Tuesday, September 03, 2013

Absent Dictators

I didn’t learn much about the history or composition of Libya until fairly recently. But its current anarchic state seems almost inevitable in retrospect. Fiercely tribal and inheriting a giant arsenal, with a central state damaged by civil war and the purges:
Mutinying security men have taken over oil ports on the Mediterranean and are seeking to sell crude oil on the black market. Ali Zeidan, Libya’s Prime Minister, has threatened to “bomb from the air and the sea” any oil tanker trying to pick up the illicit oil from the oil terminal guards, who are mostly former rebels who overthrew Muammar Gaddafi and have been on strike over low pay and alleged government corruption since July.

Remember the standard accusation that the US always sided with dictators? Proof positive that the US didn’t care about anything but its own interests, or so it was always taken. And I’ll grant that the powers-that-be don’t care about anything but their own short-term interests, but it seems ironic that supporting dictators might sometimes be humane. A cowed Gaddafi was fairly harmless—he didn’t go in for quite as many foreign adventures after Bush put the fear of the US into him, and seemed (wonder of wonders) willing to cooperate on some things. And life is certainly worse for Libyans with multiple tyrants quarreling instead of one.

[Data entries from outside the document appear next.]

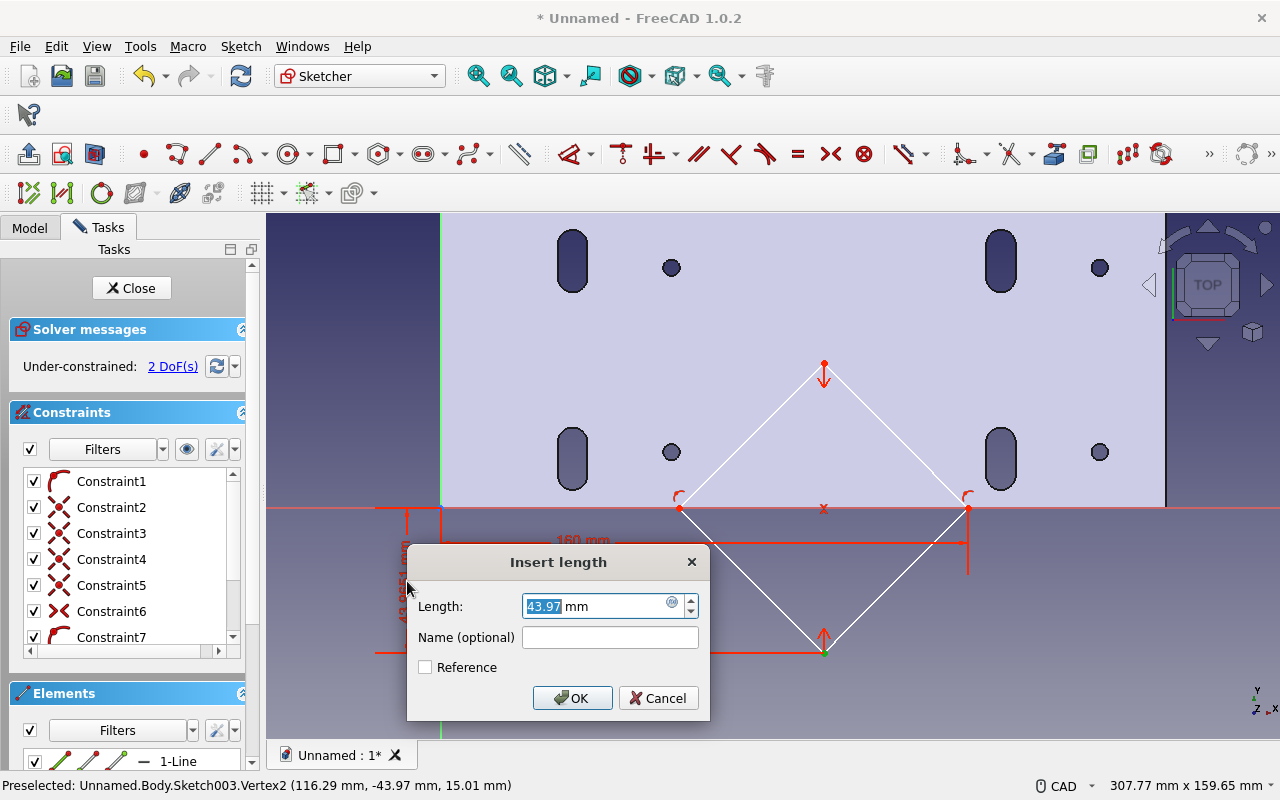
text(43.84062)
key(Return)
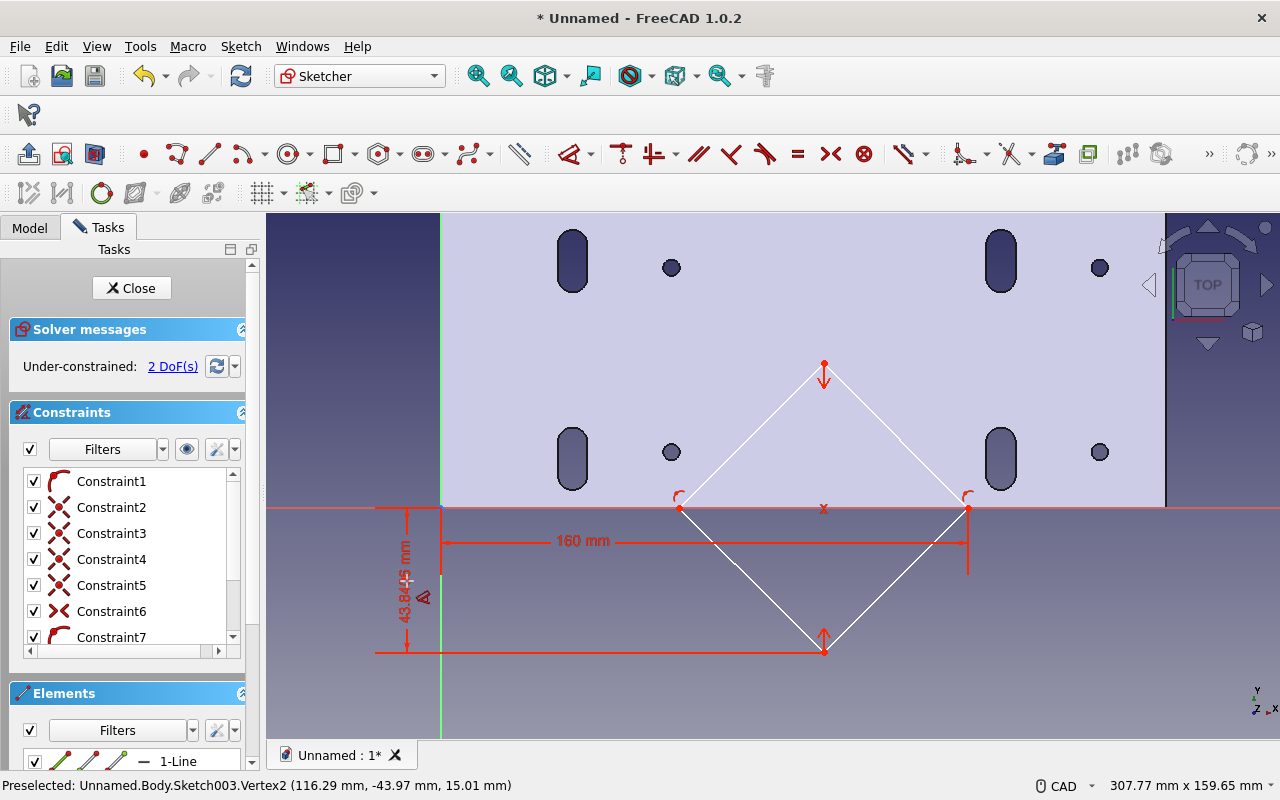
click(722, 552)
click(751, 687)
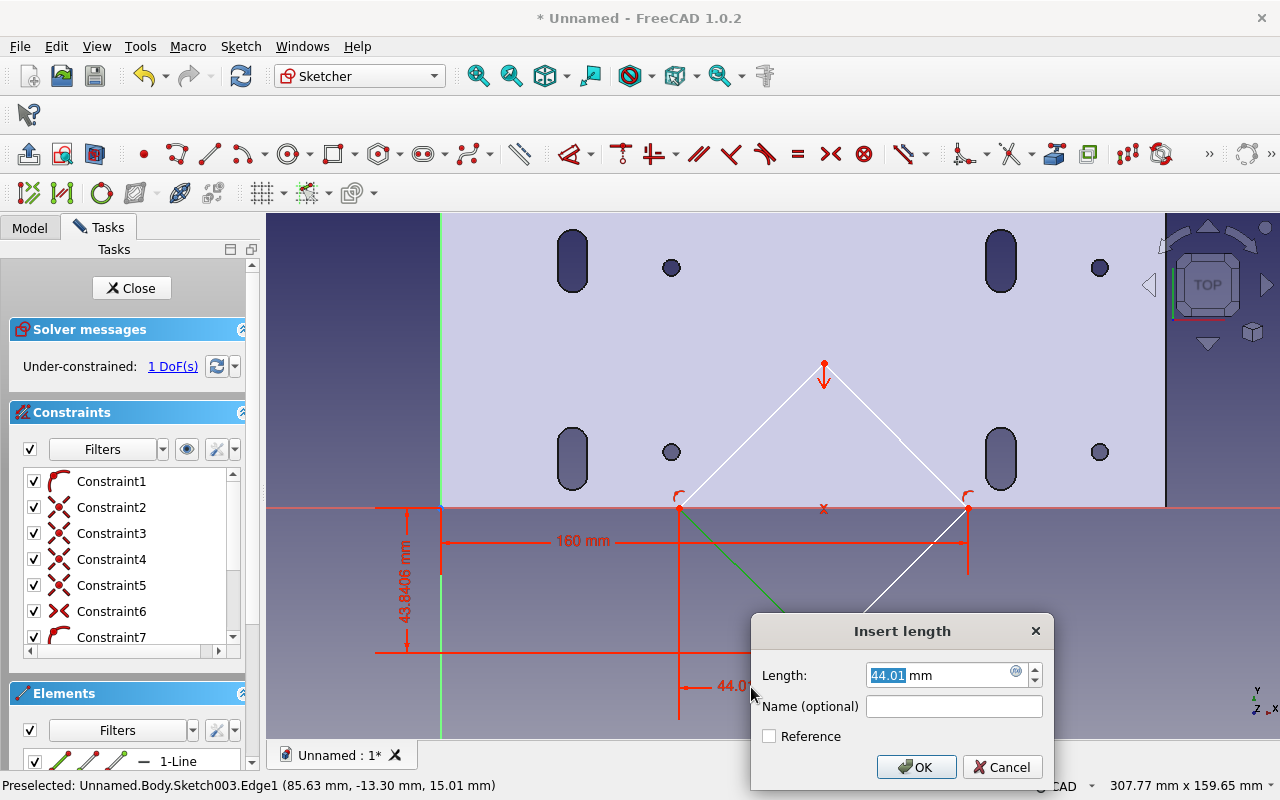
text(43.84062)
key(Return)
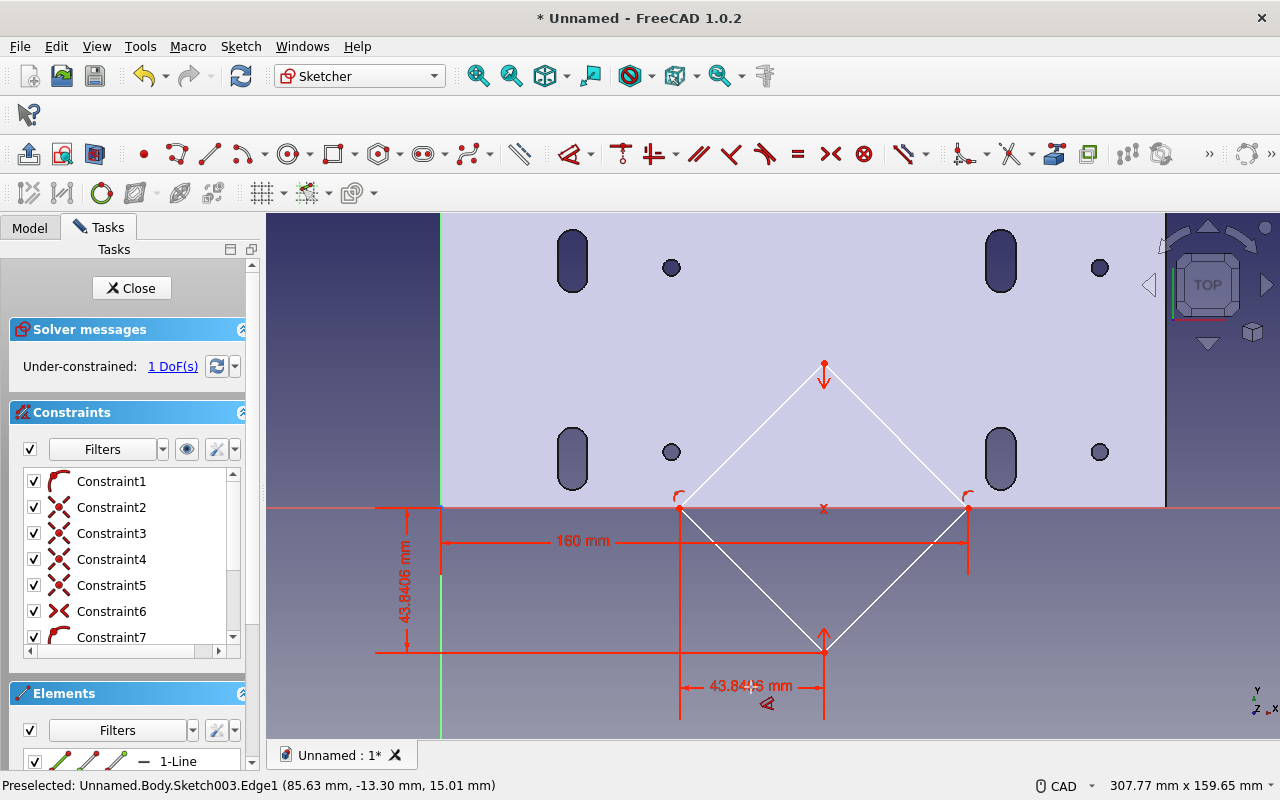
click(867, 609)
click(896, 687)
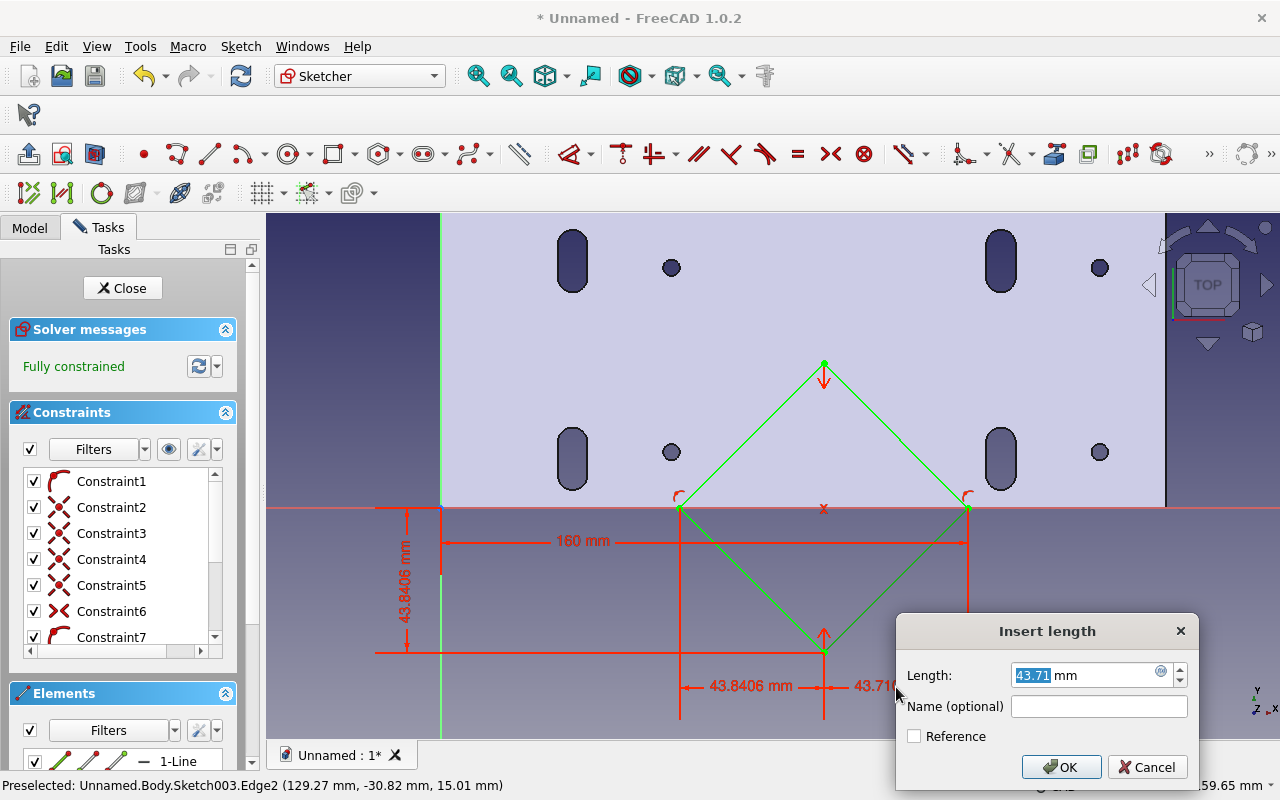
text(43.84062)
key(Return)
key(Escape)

Who knows about the long term--maybe the fighters will converge on a new system that everybody gets used to and keeps the place running smoothly with a little liberty and pursuit of happiness. Or maybe it will break up into groups that fight each other for centuries.

As I've said before, I hold no love for Gaddafi--I knew people who'd be alive today if not for his meddling. But the "progressive march of democracy" through the world so in vogue in my earlier years seems to over-reach a little now and then.

"You may not make an end of them at once, lest the wild beasts grow too numerous for you."